As they make changes to the application code, they need to know if the application will scale to meet peak demands. They don't have enough surplus hardware to do the testing on their existing compute infrastructure, so they wanted to use AWS in order to do performance testing.

Cloud security concerns
The main challenge with Amazon is that not only is the data sensitive but many of the application models are sensitive as well. The Army does not want to make its models about the effects of various weapons on American equipment available to a potential enemy.

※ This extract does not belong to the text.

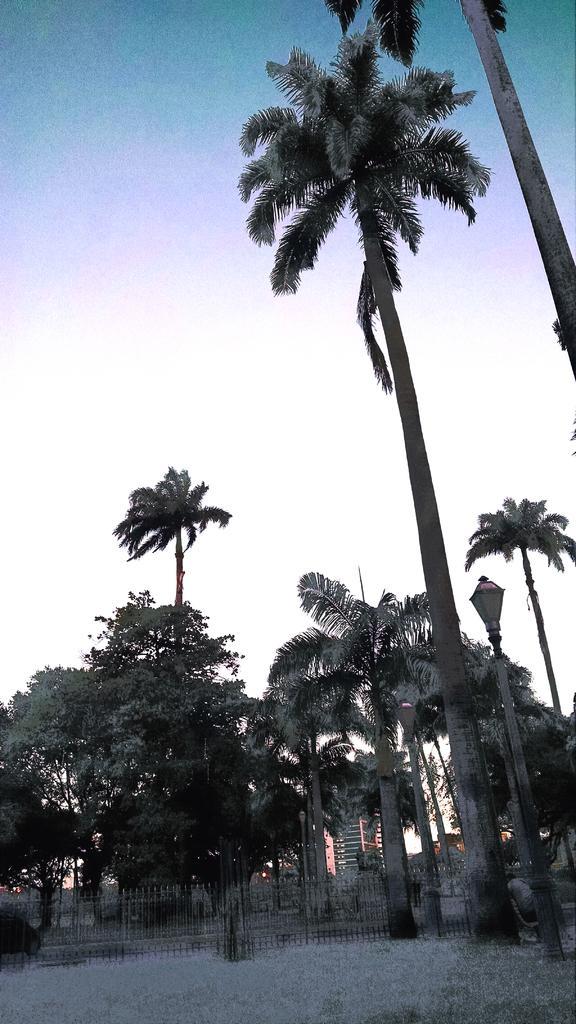Please provide a concise description of this image. Here we can see a fence, trees, poles, lights, and buildings. In the background there is sky.

We don't want to build an Amazon Machine Image (AMI) or go through the time to provision an entire distributed computing stack every night.
Dennis Reedy, Founder of Elastic Grid LLC
About 18 months ago, ARL started implementing a new architecture called Gomez, which helps separate the data, simulation models and underlying application from each other. This architecture allows it to test the application out on a public cloud without using sensitive data or models.

It needed a way to dynamically provision the application both in the cloud during testing, and then locally during implementation of the finished application. "We don't want to build an Amazon Machine Image (AMI) or go through the time to provision an entire distributed computing stack every night," Reedy said.

Elastic Grid is an open source technology that uses a domain specific language to express the services and requirements. It allows the developers to push out an instance of the entire distributed infrastructure to either Amazon EC2 or a LAN automatically.

When a developer finalizes the release of a new version, Elastic Grid organizes the creation of clusters. The key to the success of this process is being able to release the new code, and then run it with no operator input work.

Going forward they are hoping to do continuous integration. They plan to connect Hudson into the Amazon S3 repository, so that code changes are automatically tested. On an occasional basis, they want to do a scalability test with 50-100 machines to see how the system behaves under heavy load.

Reedy said one of the harder problems to solve is how to take the test result information from a cluster of fifty machines and look for subtle problems and bottlenecks in a way that a human can understand. He said, "We have a lot of metrics built in about how fast it is working and the wait time so we can be notified if something goes bad. But how can we be notified in a post mortem about a pattern developing?"

One developer asked how they get around security concerns because his administrators would balk at the idea of deploying government applications on a cloud. Bowers said this was a big issue, and they had demonstrated that it could be addressed by proper separation of the sensitive data, code, and algorithms.

Another developer in the audience, who worked for a large unnamed telco, pointed out that telecommunications companies have been addressing these concerns for years by tagging data and code sets. She said that these same concepts could also be applied to cloud projects by other developers wanting to test new apps in the cloud.